Eu já vi muitos óbitos. Presenciei muitos suspiros derradeiros. Muitos corpos frios. Vi muitas lágrimas, muitos choros altos de maridos perderem suas companheiras. Muita dor.

E mesmo com essa bagagem eu não quis e não me sinto calejada. Me nego a me acostumar, a deslegitimar uma dor, a dizer que vai passar. Me nego a me blindar para não sofrer junto.

Receber uma mensagem de uma mulher no meio da madrugada que se dirige a um hospital com sangramento e inicio de aborto não é fácil. Ouvir a voz tensa do marido não é fácil porque situações assim nos colocam com a outra extremidade da ponte da vida, do descontrole, da finitude.

Doulas e famílias enlutadas são forjadas no fogo. Todas essas perdas que vivenciei antes de ser doula me fizeram uma pessoa muito melhor. O senso de gratidão se faz absolutamente presente, pessoas se entristecem por não terem coisas supérfluas e eu vi muitos sem condições sequer de se banharem sozinhos. Com um câncer. Se despedindo desse plano, deixando família, filhos.

E ai eu olhava para mim e via que tinha tudo. Absolutamente tudo. Eu tinha vida e viva teria possibilidades.

Possibilidades de evoluir espiritualmente e moralmente, de usar minha empatia em prol de outros, de chegar em casa e agradecer o teto e o pão de cada dia.

Doulas precisam de apoio, precisam estar unidas. Precisam de respaldo psicológico e estar cientes de que no meio do furacão elas serão apoio para muitas mulheres e que portanto necessitam estar fortificadas. Serem empatas, saber acolher e respeitar o tempo de cada família.

Vejo que isso tem se manifestado muito na prática, como caminhar, que se aprende caminhando.

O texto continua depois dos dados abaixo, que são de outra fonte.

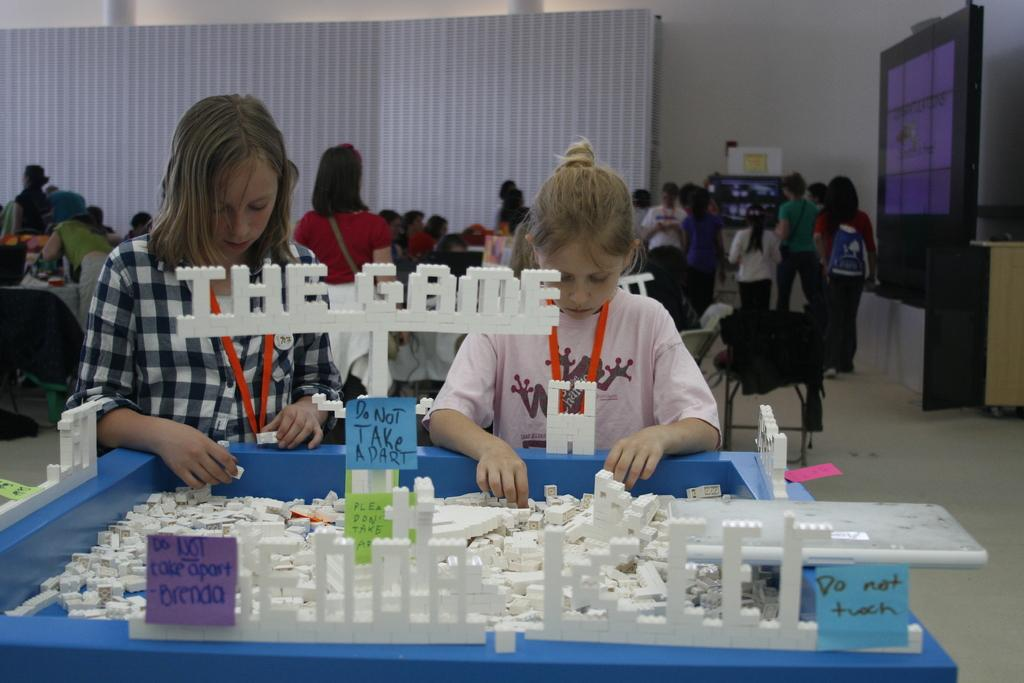How many people are in the image? There are two girls in the image. What are the girls doing in the image? The girls are trying to fix something. What type of objects are they fixing? The objects being fixed are ID cards. What color are the ID cards? The ID cards are orange in color. What type of noise can be heard coming from the frogs in the image? There are no frogs present in the image, so it is not possible to determine what noise they might be making. 
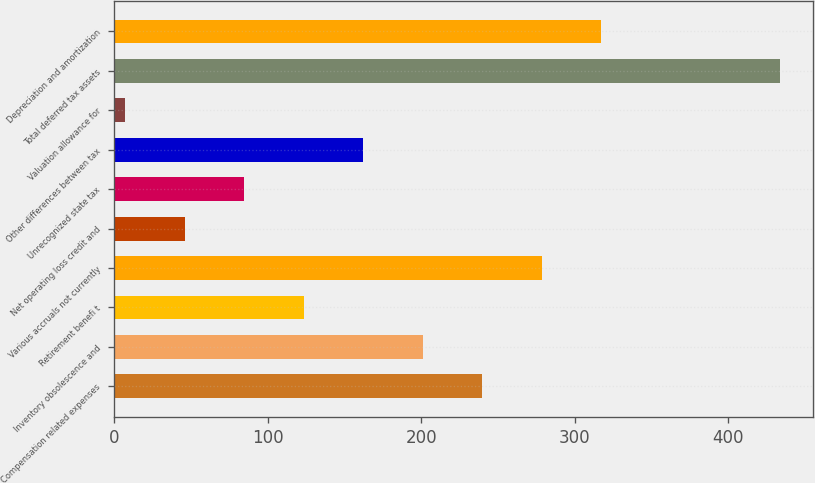Convert chart. <chart><loc_0><loc_0><loc_500><loc_500><bar_chart><fcel>Compensation related expenses<fcel>Inventory obsolescence and<fcel>Retirement benefi t<fcel>Various accruals not currently<fcel>Net operating loss credit and<fcel>Unrecognized state tax<fcel>Other differences between tax<fcel>Valuation allowance for<fcel>Total deferred tax assets<fcel>Depreciation and amortization<nl><fcel>239.64<fcel>200.9<fcel>123.42<fcel>278.38<fcel>45.94<fcel>84.68<fcel>162.16<fcel>7.2<fcel>433.34<fcel>317.12<nl></chart> 
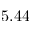Convert formula to latex. <formula><loc_0><loc_0><loc_500><loc_500>5 . 4 4</formula> 
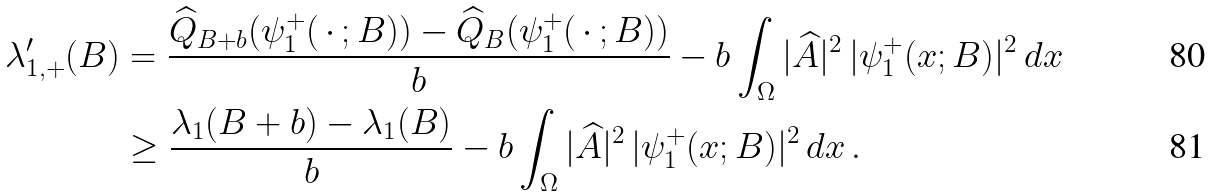Convert formula to latex. <formula><loc_0><loc_0><loc_500><loc_500>\lambda _ { 1 , + } ^ { \prime } ( B ) & = \frac { \widehat { Q } _ { B + b } ( \psi ^ { + } _ { 1 } ( \, \cdot \, ; B ) ) - \widehat { Q } _ { B } ( \psi ^ { + } _ { 1 } ( \, \cdot \, ; B ) ) } { b } - b \int _ { \Omega } | \widehat { A } | ^ { 2 } \, | \psi ^ { + } _ { 1 } ( x ; B ) | ^ { 2 } \, d x \\ & \geq \frac { \lambda _ { 1 } ( B + b ) - \lambda _ { 1 } ( B ) } { b } - b \int _ { \Omega } | \widehat { A } | ^ { 2 } \, | \psi ^ { + } _ { 1 } ( x ; B ) | ^ { 2 } \, d x \, .</formula> 
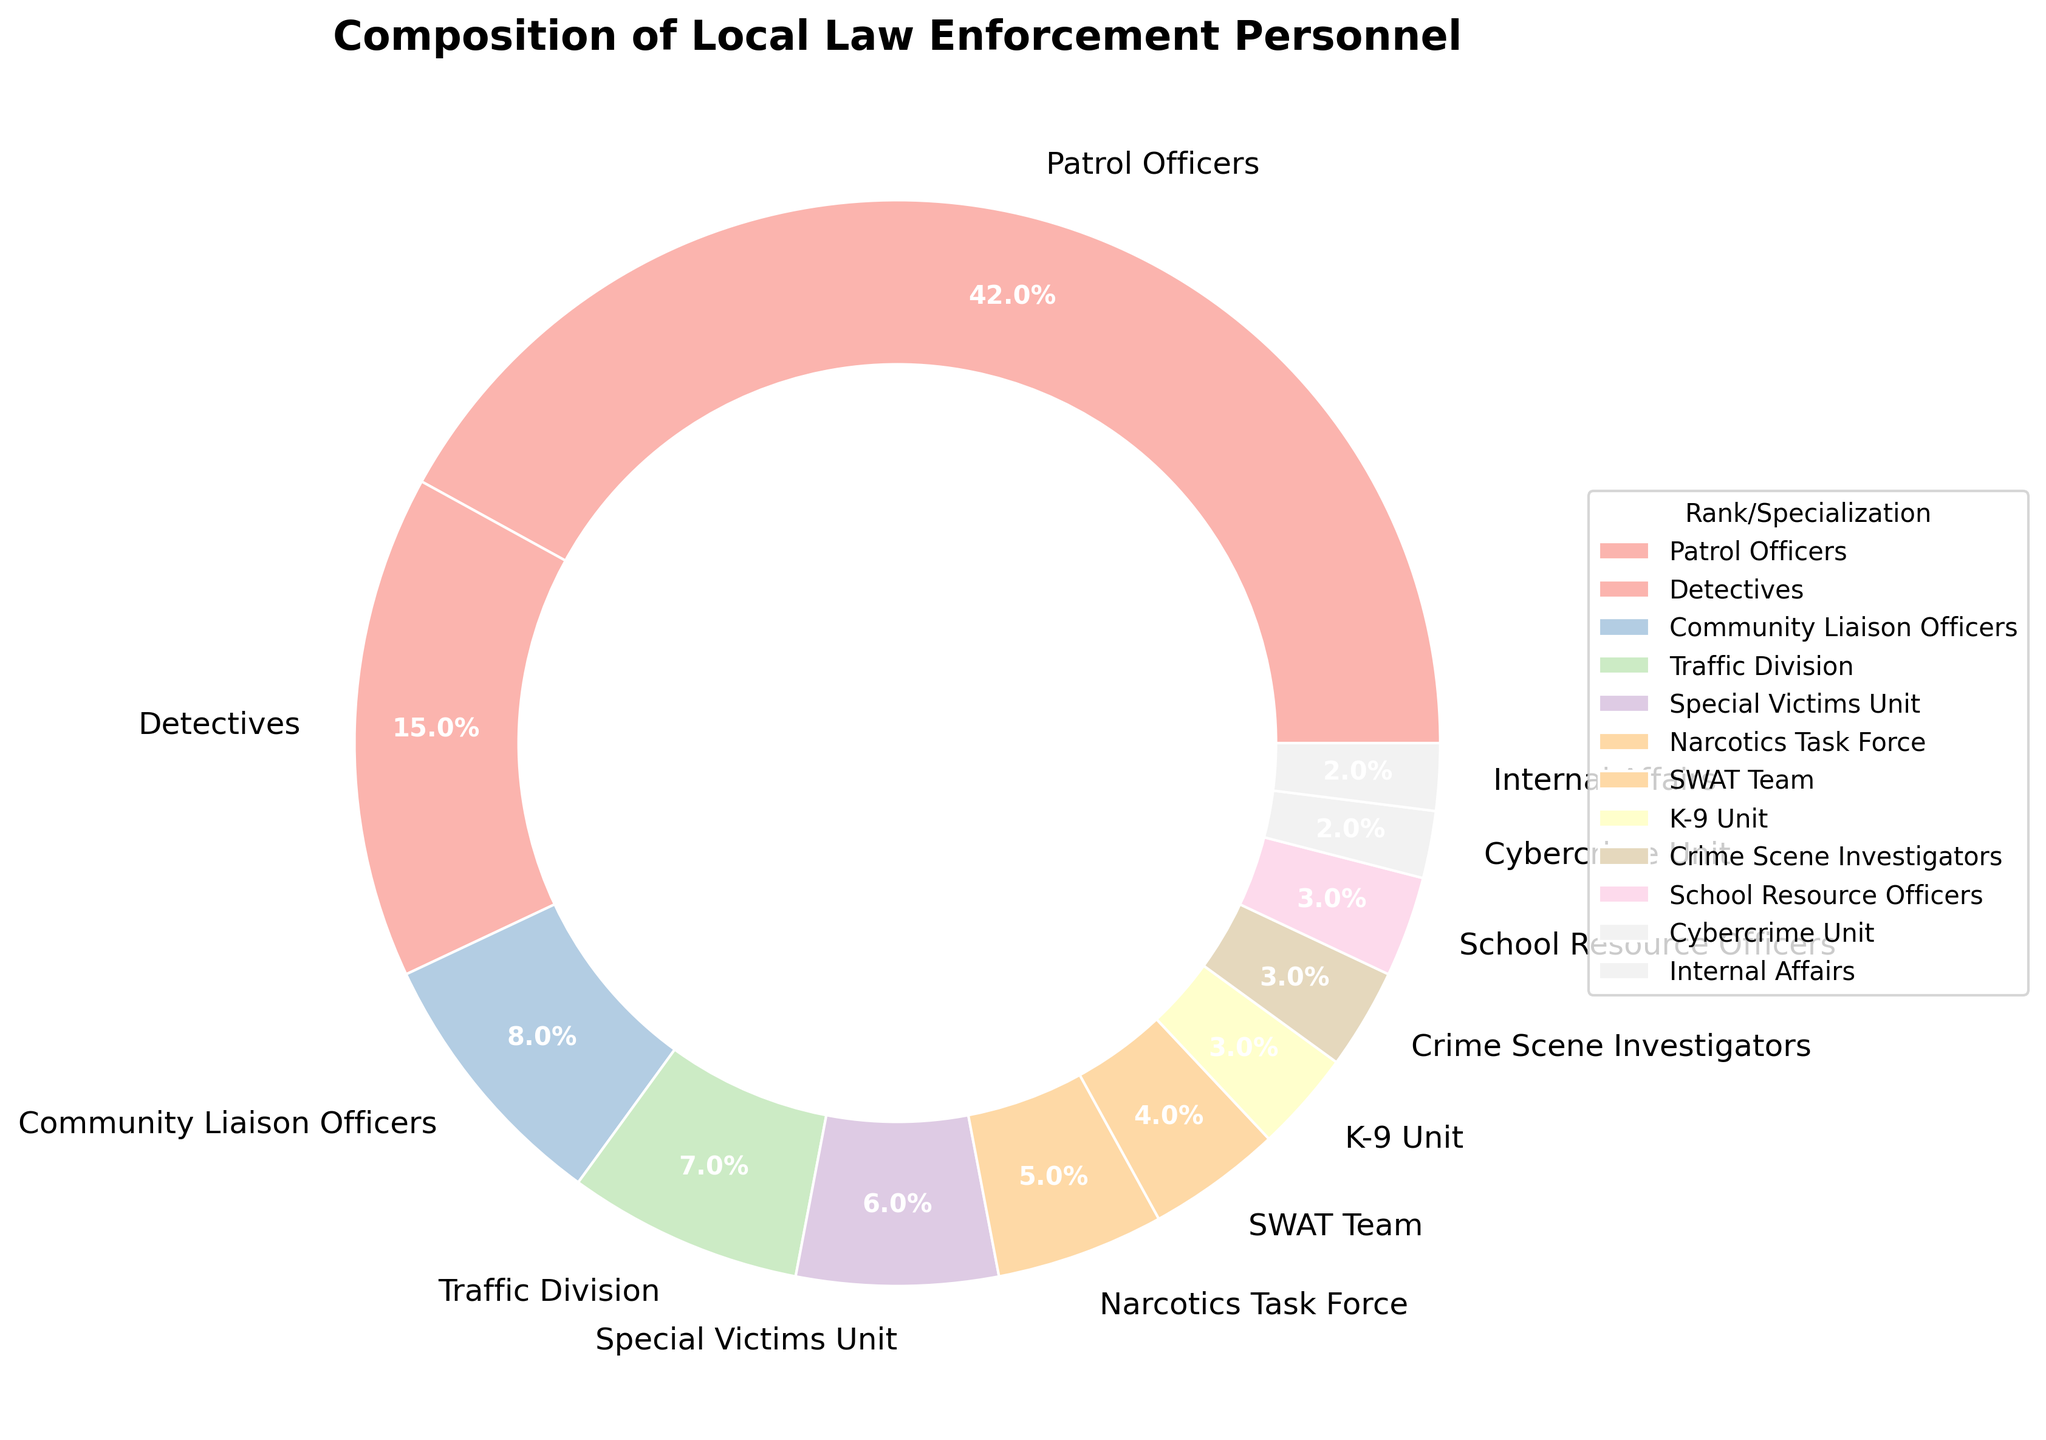What percentage of local law enforcement personnel are Patrol Officers? Look for the section labeled "Patrol Officers" in the pie chart and note the percentage displayed alongside it.
Answer: 42% Which unit has a higher percentage, Detectives or Narcotics Task Force? Compare the two sections labeled "Detectives" and "Narcotics Task Force" and see which has the greater percentage.
Answer: Detectives How much more is the percentage of Patrol Officers compared to School Resource Officers? Find the percentage values for Patrol Officers and School Resource Officers, then subtract the percentage of School Resource Officers from Patrol Officers (42% - 3%).
Answer: 39% What is the combined percentage of Special Victims Unit and Cybercrime Unit? Add the percentage values for Special Victims Unit (6%) and Cybercrime Unit (2%) together (6% + 2%).
Answer: 8% Is the percentage of K-9 Unit personnel greater than or equal to that of the Crime Scene Investigators? Compare the percentage values for K-9 Unit and Crime Scene Investigators. K-9 Unit has 3%, and Crime Scene Investigators also have 3%.
Answer: Yes Which three categories have the smallest percentages? Identify the sections with the smallest percentages. The Cybercrime Unit, Internal Affairs, and K-9 Unit each occupy the smallest parts of the pie chart.
Answer: Cybercrime Unit, Internal Affairs, K-9 Unit How does the percentage of community-focused roles (Community Liaison Officers and School Resource Officers) compare to the entire law enforcement composition? Add the percentages of Community Liaison Officers (8%) and School Resource Officers (3%). Then divide by the total percentage (which is 100%) to find the combined percentage within the total composition (8% + 3%) / 100%.
Answer: 11% What is the difference in percentage between the Traffic Division and SWAT Team? Subtract the percentage of the SWAT Team (4%) from the Traffic Division's percentage (7%) (7% - 4%).
Answer: 3% Which section occupies the largest part of the pie chart? Identify the section with the highest percentage. This is clearly labeled and visually the largest section in the pie chart.
Answer: Patrol Officers Are there more Traffic Division personnel than Special Victims Unit personnel? Compare the percentage values for Traffic Division (7%) and Special Victims Unit (6%).
Answer: Yes

Mas não precisa ser assim. Precisamos de mais vivências, workshops, rodas de cura e grupos de apoio. Para as famílias e para nós também.

Perda gestacional não é uma frustração, é a dor da perda de uma pessoa real e doulas empatas se colocam nesse lugar difícil com a mulher e a família e sentem suas dores.

Digerindo a perda, degustamos a vida.  Apoio é necessário, sempre!